Many a crofter had a horse in the Barn, or the Stable. No feeding required, it was a British Anzani Iron Horse. I do not know when the Anzani Iron Horse was invented, but it has been around for a very long time now. No doubt there were other makes than Anzani, the Trusty comes to my mind. But it was a crofter’s machine par excellence. The Cub Cadet was another one, more of a very wee tractor.
 There is a good Iron Horse at Mary-Ann’s Cottage at Dunnet which I believe is still in working order. The Cottage is closed for the winter.
One lies at Newtonmore Farm Museum on the road South, well worth a visit in passing in its own right with much else of old farm machinery and bits and bobs. A good restaurant is there too for a quick coffee, or a comfort stop!!
They are to build a large new display shed there to incorporate the  material still in Kingussie Farm Museum, which is now closed to the public. Bob Powell, who is in charge of it all there and at Newtonmore, took me there for a look.

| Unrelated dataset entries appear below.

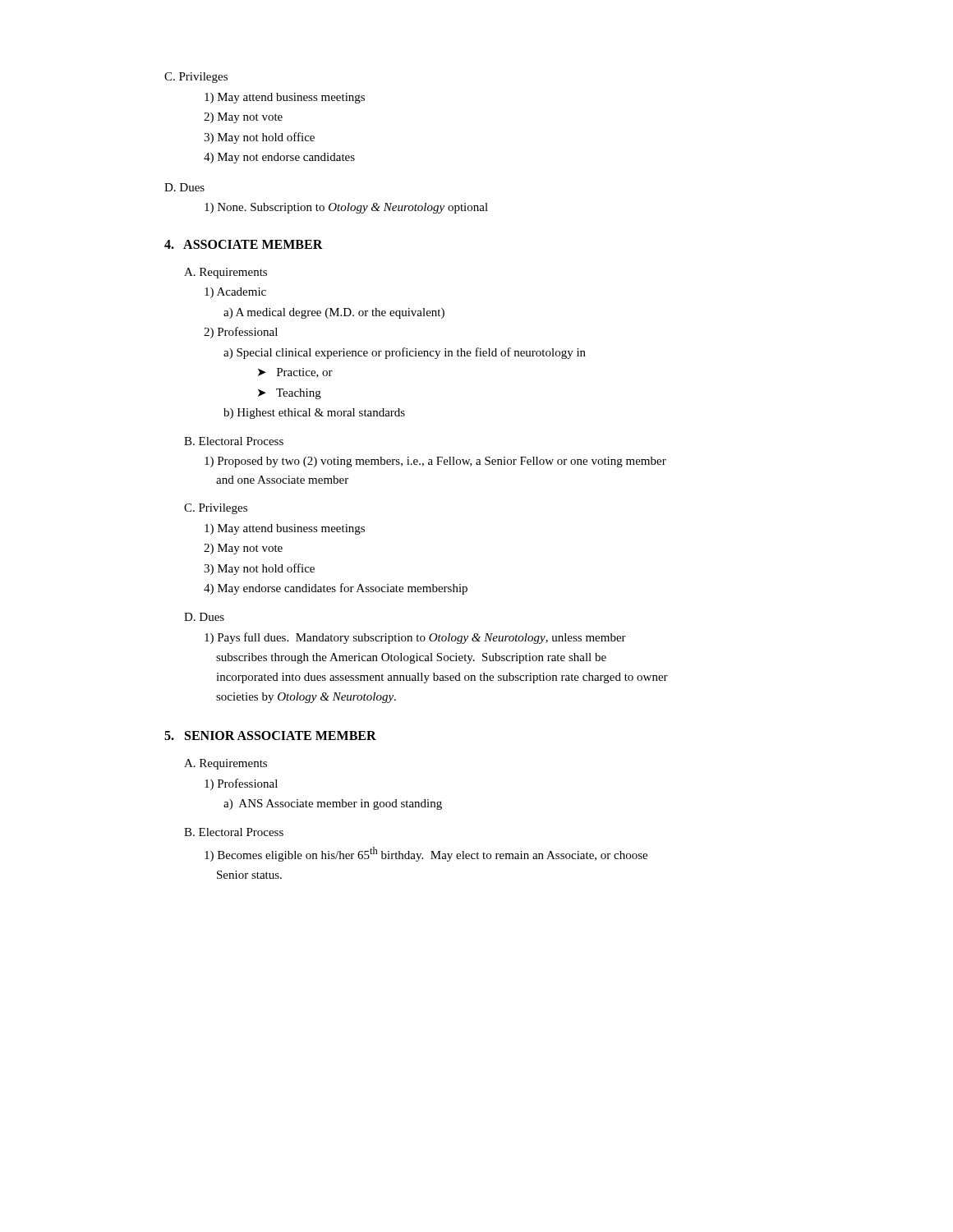
Task: Locate the text "4) May not endorse candidates"
Action: coord(279,157)
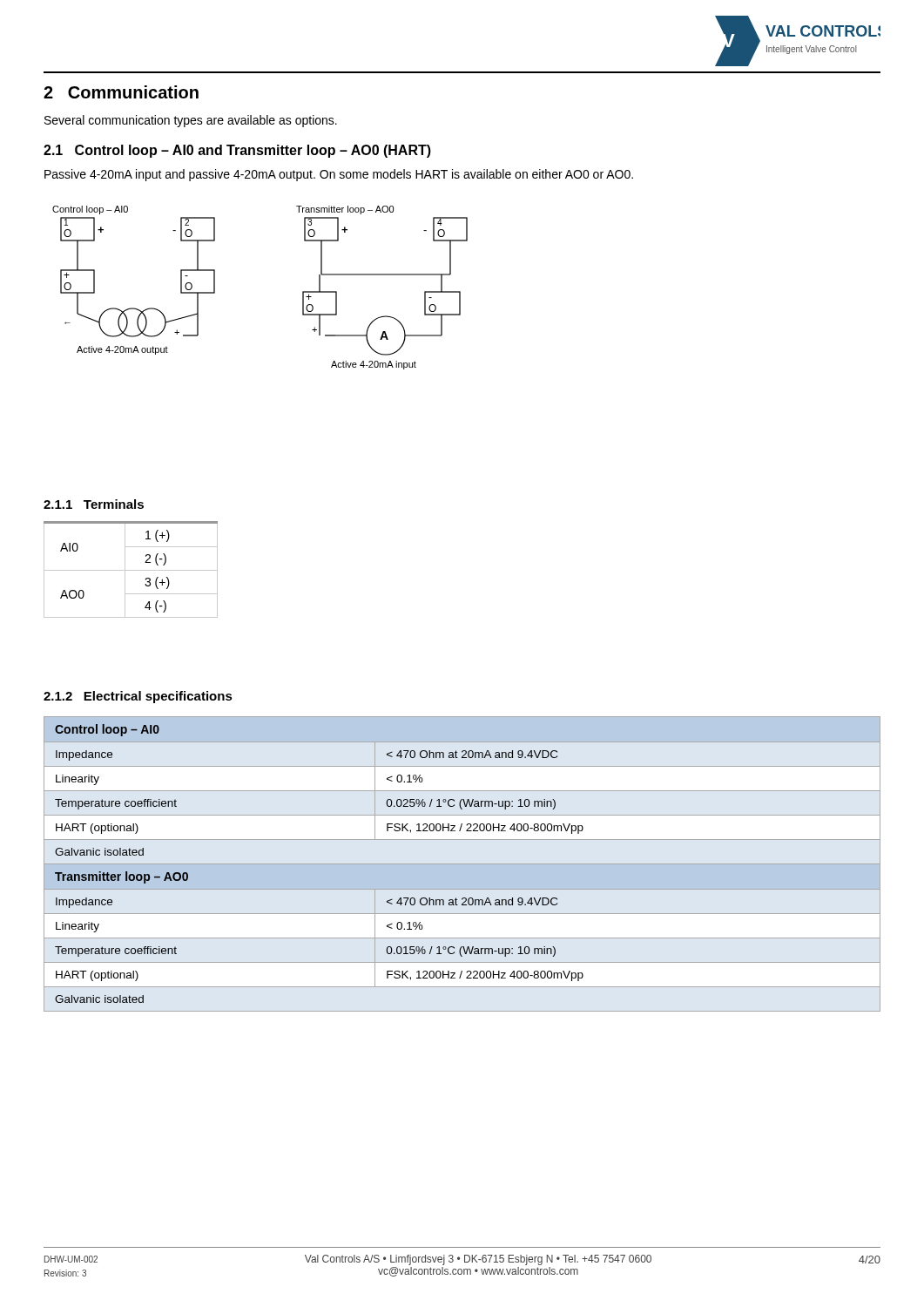Find the text starting "Passive 4-20mA input and passive 4-20mA output. On"
The height and width of the screenshot is (1307, 924).
[x=339, y=174]
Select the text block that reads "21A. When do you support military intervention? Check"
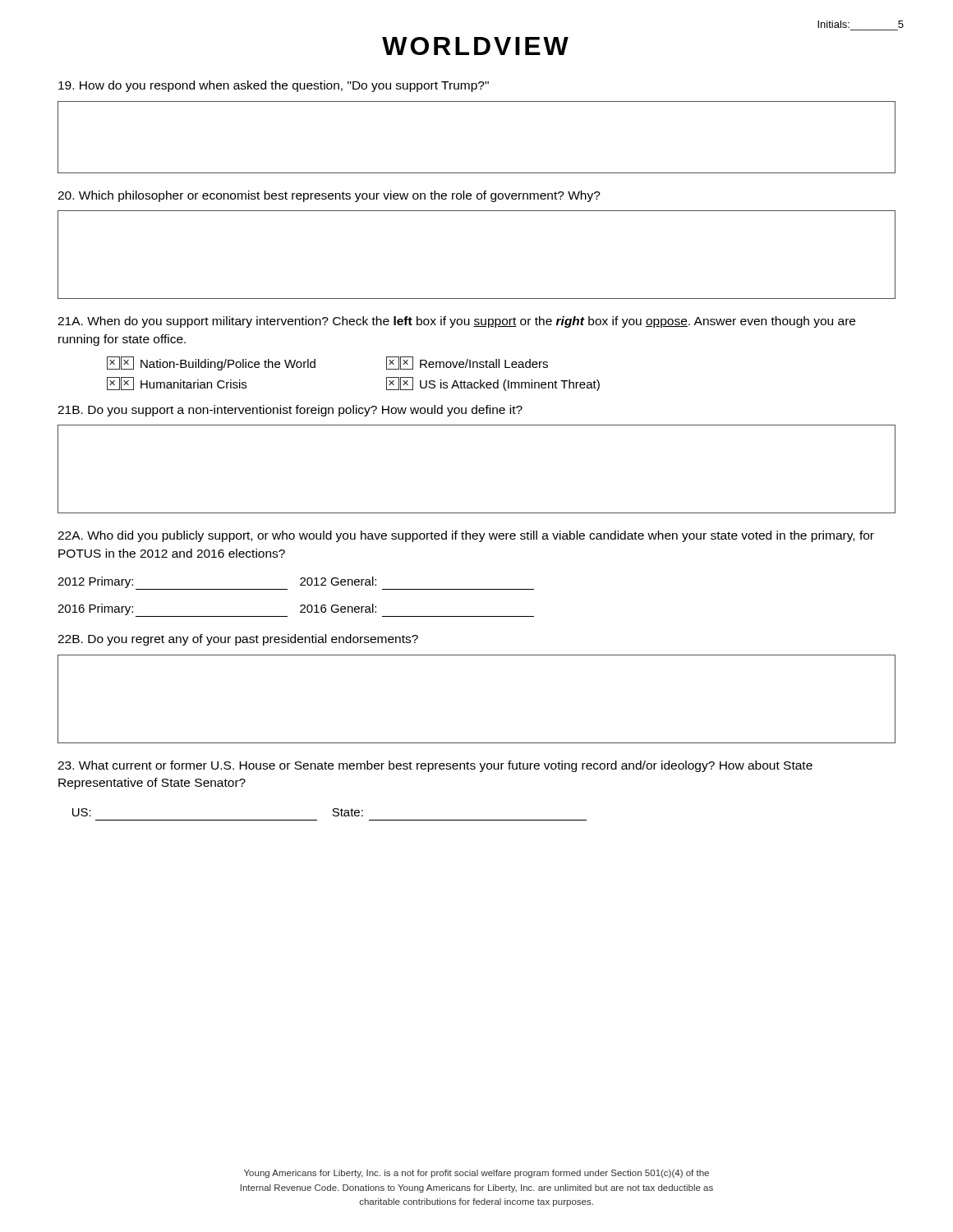953x1232 pixels. 457,330
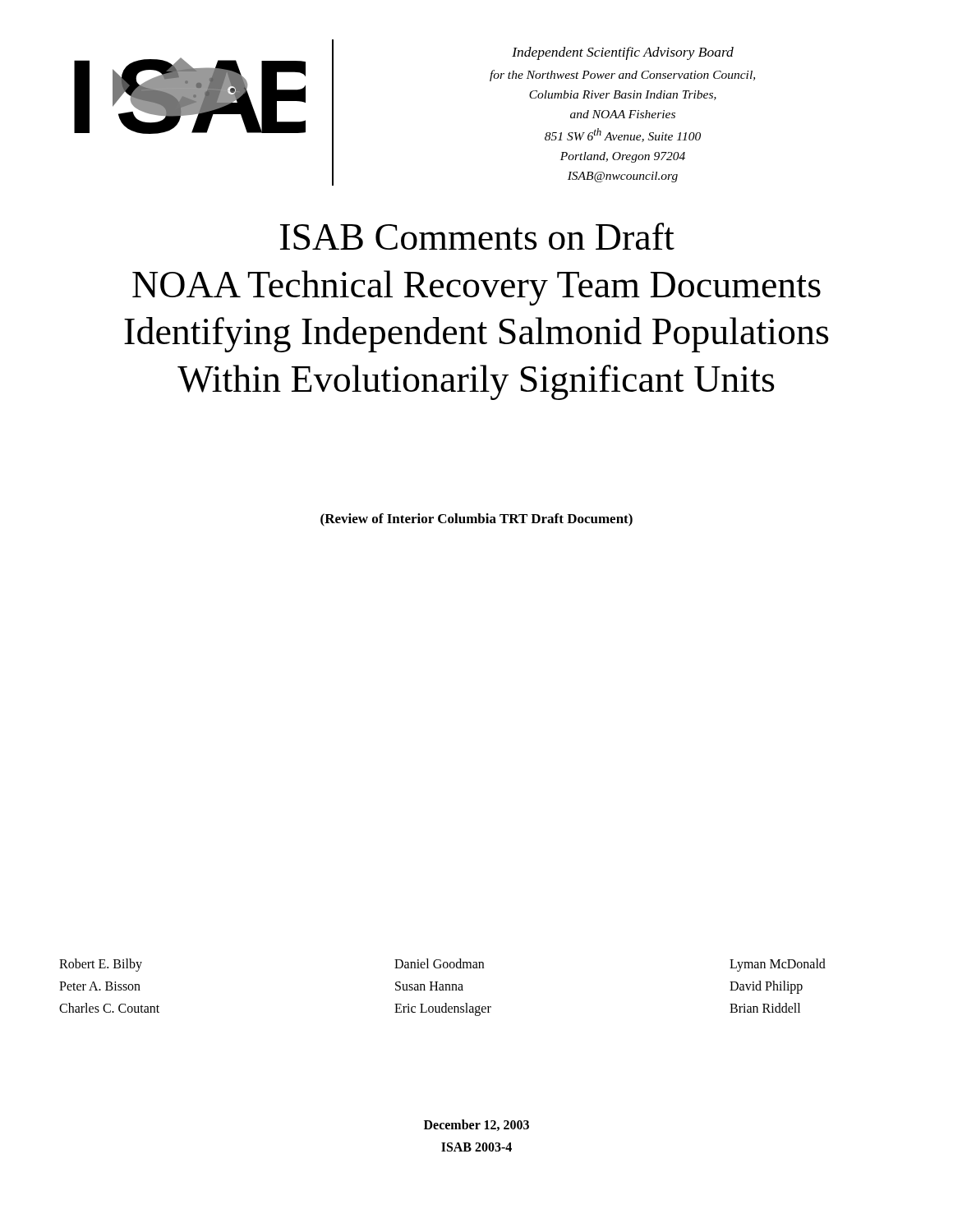Image resolution: width=953 pixels, height=1232 pixels.
Task: Point to the region starting "(Review of Interior"
Action: (476, 519)
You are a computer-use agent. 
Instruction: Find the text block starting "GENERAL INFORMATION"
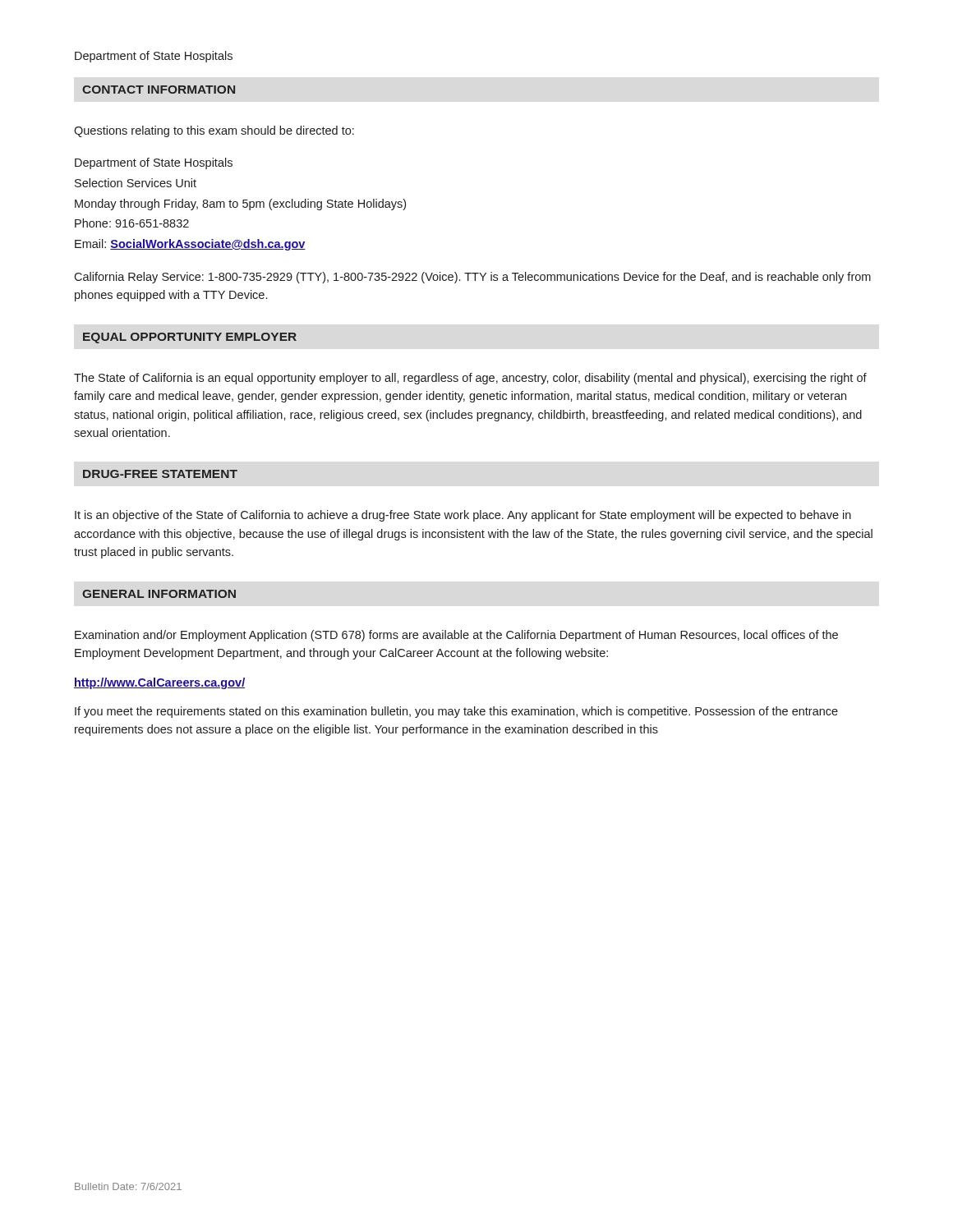[x=159, y=593]

Guess what, there was an old, very old indeed, simple threshing mill from Houston’s Mill at John o’ Groats. Saved from the scrap heap, thankfully.

 It had been built by McKidd in Thurso Foundry in 1841, and is by a wide margin the oldest threshing mill I know of. On both sides of it were many names and signatures written with an old joiner’s lead pencil. Difficult to read, faint, but perhaps if scanned with an ultra violet light the names can be brought back to life. I think every one now long gone in Groats must have left their mark. 

Like at Hendrie Geddes Mill in Mey in Feb 14th 1664, where there was a bit of nonsense with a lassy having her clothes lifted by young Jon Geddes, to the great amusement of others there, Groats Mill must have been a warm and snug meeting place for locals in an evening.  No doubt at all behaviour would have been much better by Houston’s time!!!

Life is well displayed at Newtonmore of days not too long gone, thatched houses, old  implements, a garden plot growing tatties and kale and much else. The illustration shown is of the Iron Horse there.

Vintage Machinery Clubs usually have a few at their Shows, sometimes in their own right, sometimes as an adjunct to a County Show or a Vintage Machinery Show. There is annually one at John o’ Groats..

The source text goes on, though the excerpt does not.